Downtown office buildings flood, knocking popular websites offline

A pump empties water out of the basement of 62 Pearl Street
A pump empties water out of the basement of 62 Pearl Street

Hurricane Sandy didn’t just force people out of their homes and offices, it forced websites offline. That’s because many of the data-hosting companies are based in areas of New York City that were hardest hit by the storm.

Today, workers with hoses and piping running from the buildings into the streets, were removing thousands of gallons of water that collected in the basements of buildings throughout Lower Manhattan.

Water flooding into 33 Whitehall Street, a 435,000-square-foot building between Pearl and Bridge streets, where the hosting company Datagram is based, knocked out service to the gossip website Gawker, which remained offline Tuesday afternoon. Flooding at Datagram also caused disruption to the Huffington Post, to Buzzfeed and to other sites, the website Data Center Knowledge reported.
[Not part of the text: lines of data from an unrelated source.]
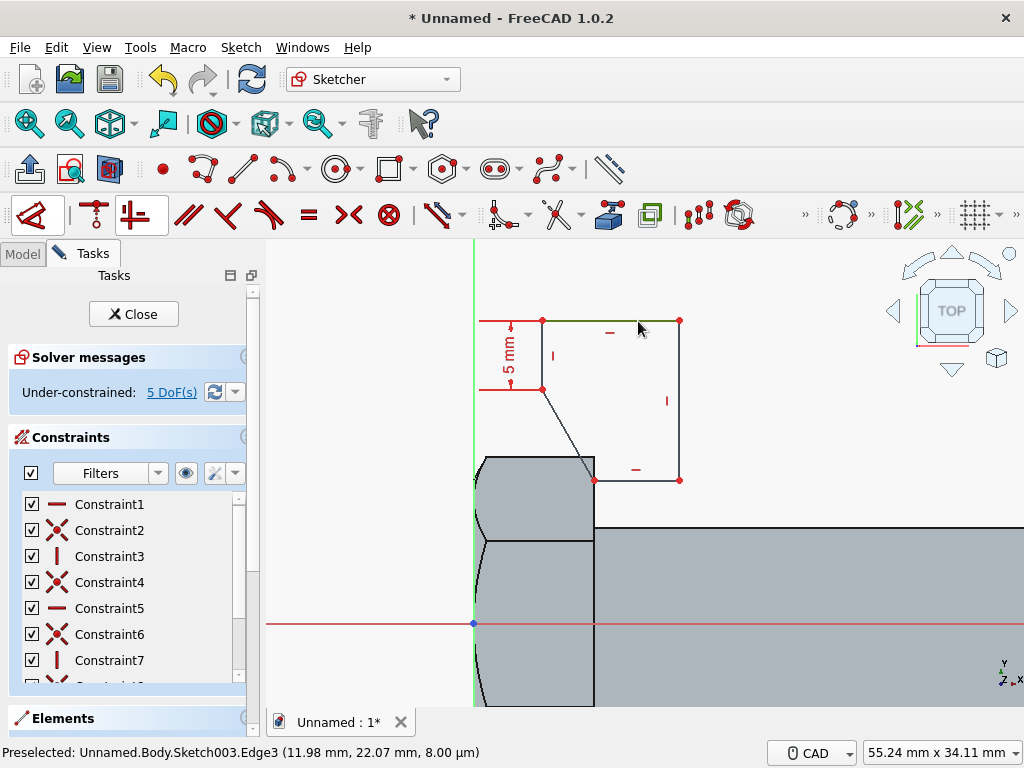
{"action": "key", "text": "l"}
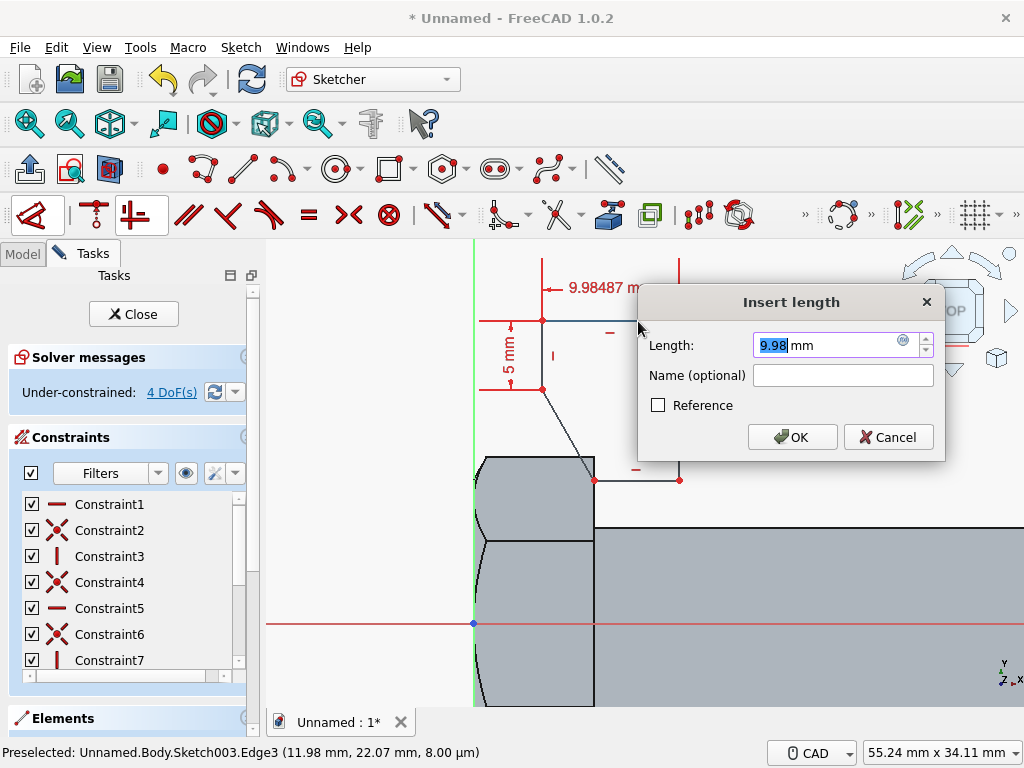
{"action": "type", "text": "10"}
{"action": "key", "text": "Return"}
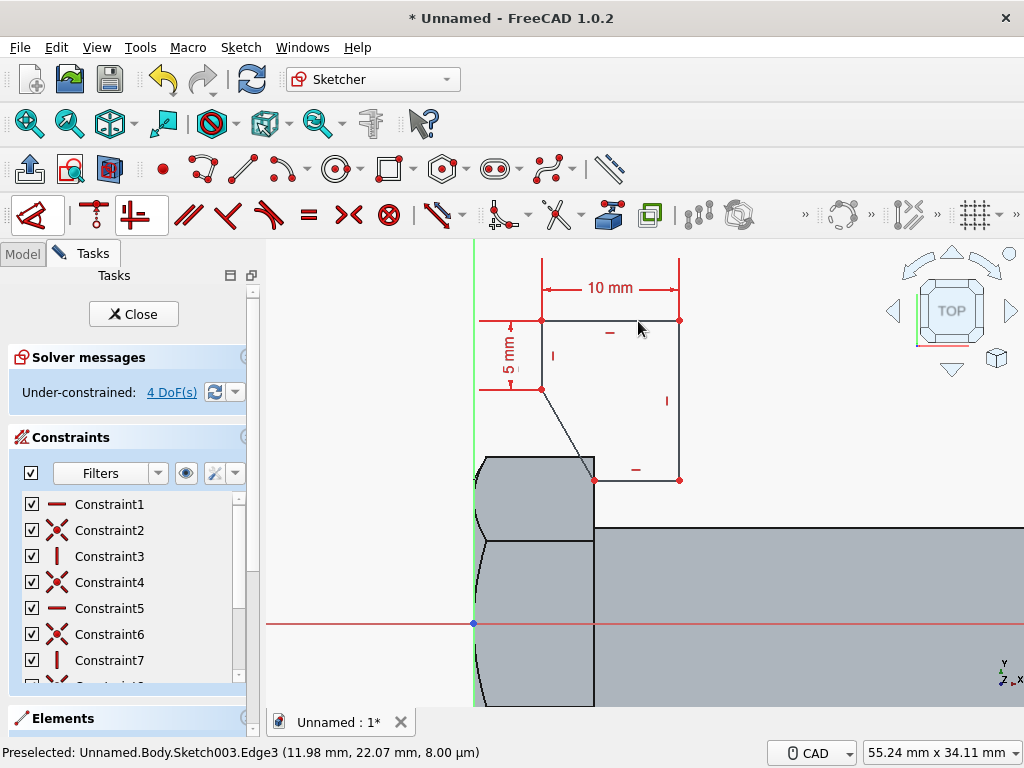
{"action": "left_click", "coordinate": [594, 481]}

The Real Deal’s website is hosted by Datagram, and was briefly offline in the early morning hours today.

Datagram, in a statement, said that its emergency systems kicked in as the storm arrived, but that the building’s basement, where fuel tank pumps and sump pumps are located, was flooded — with water spilling out into the lobby. “Due to electrical systems being underwater the building was forced to shut down to avoid fire and permanent damage,” the statement said. “We have been working closely with the city, ConEd and building engineers to clear the water from the basement so that we may restore our emergency power systems.”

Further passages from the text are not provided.